With the new template, positive maximal points will be the ${P}_{1}$ grid-points, and the negative ones will be the ${P}_{2}$ grid-points.

Considering that local areas centering at the grid-points will suffer from deformation due to the projective distortion and surface curvature, it is necessary to improve the robustness of the template. In practice, if a point in the standard local area centering at a grid-point is more distant to the two diagonal lines, its corresponding point in the captured image is less likely to change its property. Therefore, it is reasonable to increase the weight of the template elements that are distant from the two diagonal lines in the template. Consequently, the weight can be set to be linearly proportional to the distance, which can be formulated as

## (6)

$${T}_{3}=(i\ge 0\wedge j\ge 0)\times (i-j)-(i\le 0\wedge j\ge 0)\times (i-j)+(i>0\wedge j<0)\times (i+j)-(i<0\wedge j>0)\times (i+j).$$## (9)

$$\delta =\frac{\sum _{m}\sum _{n}{({C}_{mn}-{C}_{mn}^{\prime})}^{2}}{\sum _{m}\sum _{n}{({C}_{mn}-\overline{C})}^{2}},$$## 4.2.

### Multitemplate Filtering Strategy

Subject to the projective distortion and surface curvature, the projected elements are usually enlarged or compressed. Great distortions of the imaged pattern elements bring challenges to feature detection. To make the proposed feature detector more flexible and robust, a multitemplate filtering strategy is introduced, which can be performed with the following steps.

1. Apply multiple templates with a sequence of sizes to obtain the corresponding candidate point set.

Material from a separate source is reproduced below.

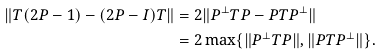<formula> <loc_0><loc_0><loc_500><loc_500>\| T ( 2 P - 1 ) - ( 2 P - I ) T \| & = 2 \| P ^ { \perp } T P - P T P ^ { \perp } \| \\ & = 2 \max \{ \| P ^ { \perp } T P \| , \| P T P ^ { \perp } \| \} .</formula> 
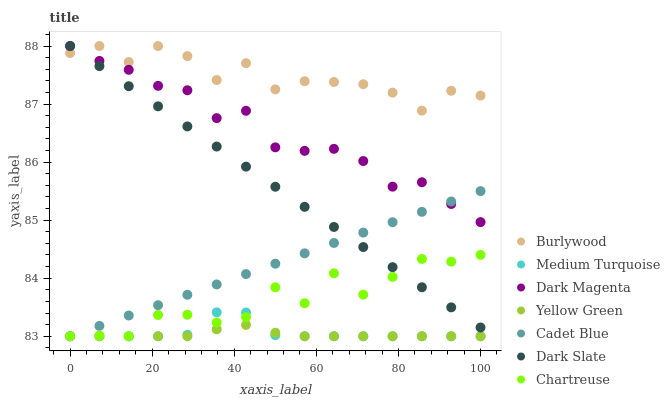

2. Judge whether a candidate point is the true grid-point or not according to the number of templates detecting it. If the number is larger than a given threshold, the point is considered the true grid-point.

## 5.

## Deep Decoding of the Binary Structured Light Image

The pattern elements in the captured image are often blurred or distorted as shown in Fig. 4 because of some complex factors, such as plentiful color, rich texture, surface discontinuity, specular reflection, and sharp change. It is very challenging to detect and recognize the degraded pattern elements for traditional feature detectors.^{19}20.21.22.23.24.^{–}^{25} Since the pattern elements are designed as a rhombic shape in our pattern, a graph can be generated by connecting four grid-points of the pattern element. Then, by collecting abundant pattern elements with blurring and distortions, an extensive training dataset can be set up for convolutional neural networks. Thus, the pattern elements can be recognized.

## 5.1.

### Extraction of Pattern Elements

Since the window size is only $2\times 2$ and each grid-point is formed by two pattern elements, two adjacent grid-points can determine a unique window as well as the codeword, and two such adjacent grid-points are named as a pair-point. However, it is difficult to find a pair-point from the captured image directly because of the distortion of the pattern elements. To address this problem, a topological network is established. According to the sign of $H$ that is computed from Eq. (8), the grid-points can be classified into two types: ${P}_{1}$ (blue) and ${P}_{2}$ (red), as shown in Fig. 5. A grid-point $B$ is surrounded by four different type grid-points $C$, $D$, $E$, and $F$. For each ${P}_{1}$ type grid-point, its nearest different type grid-points can construct a quadrant. The same procedure is also applicable to ${P}_{2}$ type grid-points. With these quadrants, a topological network of grid-points can be constructed. From this network, the pair-point of each grid-point can be deduced. For example, if the pair-point of $A$ is to be found, i.e., the grid-point $B$, the first step is to find out its different type grid-point $C$ in the upper right corner. Then, the lower right different type grid-point of $C$ is $A$’s pair-point $B$. In this way, a topological network of all the grid-points can be established.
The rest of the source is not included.